After the analysis of math skills of 48 - 60 months children, faith and competencies of preschool teachers for mathematics education, and what extent predicted by demographic features of teachers and children; it was determined that respectively the level of teachers’ beliefs for the appropriate age for mathematics education of the pre-school period was significantly predicted by age ranges of children, mothers’ education level, previously attend pre-school education institution status, gender, father’s education level, teachers’ level of education, teachers working period in the institution and mothers’ working status for the math skills of children. 48 - 60- month-old children’s mathematics skills improve as their teachers’ self-efficacy levels increase.
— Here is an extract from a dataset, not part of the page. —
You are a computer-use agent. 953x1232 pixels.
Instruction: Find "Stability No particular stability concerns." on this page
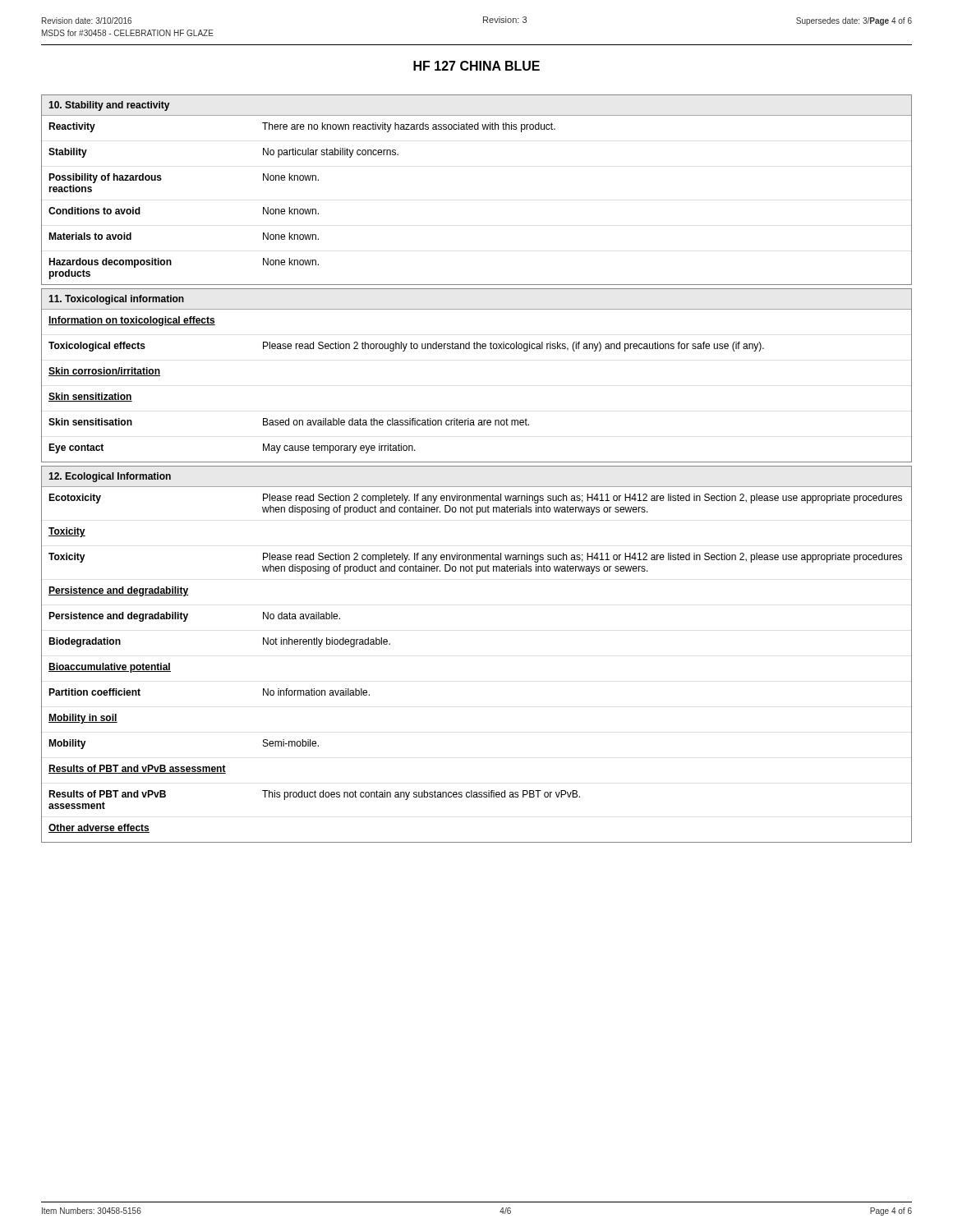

Additionally, the belief levels of the teachers towards mathematics education are directly related to the mathematics skills of the children. The teachers’ beliefs towards mathematics education and their perception of the self-efficacy towards mathematics education directly affect the teachers’ in-class practices. In the light of the research results it can be said that teachers’ beliefs and perceptions of the self-efficacy toward mathematics education are determinative for the math skills of the 48 - 60 months old children.